Money vs. Manny: The Fight of the Century?

Now that the hurdles have all been jumped concerning the upcoming fight between Floyd Mayweather, Jr. and Manny Pacquiao, the only thing left is to reset a date to accommodate Manny’s political aspirations.

The early line shows Pretty Boy Floyd as the favorite.

The fight promises to be one of the best in a long time. Some are going all the way to the bridge and saying it will be the best ever. That is a tall order, my friends.

What fights would it have to surpass to be the “best ever”?

In no particular order, but indeed on the road to the best, are Hagler vs. Hearns. That fight was three rounds of non-stop fighting at its best. Both men gave as good as they got until Hagler closed the deal.
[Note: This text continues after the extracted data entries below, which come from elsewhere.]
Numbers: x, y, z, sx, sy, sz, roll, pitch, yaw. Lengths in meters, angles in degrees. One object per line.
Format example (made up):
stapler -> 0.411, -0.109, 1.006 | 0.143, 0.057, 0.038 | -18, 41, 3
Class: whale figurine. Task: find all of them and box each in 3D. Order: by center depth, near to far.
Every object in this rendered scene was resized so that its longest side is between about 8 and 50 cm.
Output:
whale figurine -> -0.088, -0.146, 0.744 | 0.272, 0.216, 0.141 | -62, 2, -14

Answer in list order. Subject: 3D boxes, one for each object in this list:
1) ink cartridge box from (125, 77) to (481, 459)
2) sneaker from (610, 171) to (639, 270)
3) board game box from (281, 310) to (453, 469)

Other than the gamblers, that fight did not disappoint anyone.  The Hitman had Hagler hurt before the fight was 30 seconds old. Ring Magazine called the first round of the fight “the greatest round in boxing history” and was the round of the year in 1985.
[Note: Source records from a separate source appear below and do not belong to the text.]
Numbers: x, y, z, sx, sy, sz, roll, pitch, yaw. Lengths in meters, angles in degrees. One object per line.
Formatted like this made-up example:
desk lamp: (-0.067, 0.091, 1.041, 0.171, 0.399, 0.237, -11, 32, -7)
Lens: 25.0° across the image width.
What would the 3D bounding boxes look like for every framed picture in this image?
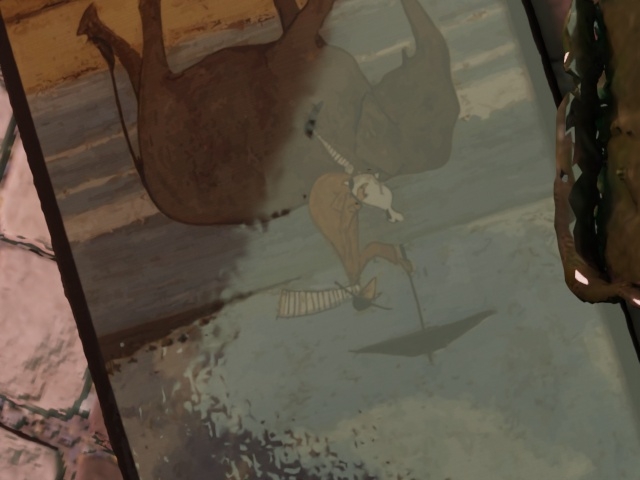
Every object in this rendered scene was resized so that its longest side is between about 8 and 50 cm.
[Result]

Any talk of best bouts ever could not be complete without the “Thrilla in Manila“. Even fans who aren’t “old school” have to say amen to that. Muhammad Ali and Joe Frazier met for the third and final time in October of 1975. Ali was one year removed from shocking the boxing world by his KO of George Foreman. The two men beat each other to the point of exhaustion before Frazier’s corner pulled the plug after the 14th round. Ali has said that fight was the closest he has ever come to death.

Another great one was the first fight between Diego Corrales and Jose Luis Castillo. In a close fight, Castillo came out in the 10th round of a schedules 12 rounder and knocked Corrales down twice. Corrales had spit his mouthpiece out twice and was deducted a point (not to mention being decked twice). Diego summoned strength and reserve from a special place and came back and stopped the fight in fantastic fashion, beating Castillo helpless against the ropes.

I could go on and on, but these are just three great ones that this fight would have to top to gain serious notoriety.

The biggest wins on Pacman’s portfolio are against fighters that Pretty Boy had already beaten. Ricky Hatton was blistered by Pretty Boy in their fight until Floyd KO’d him late, softening him up for his 2nd round massacre at the hands of Pacquiao.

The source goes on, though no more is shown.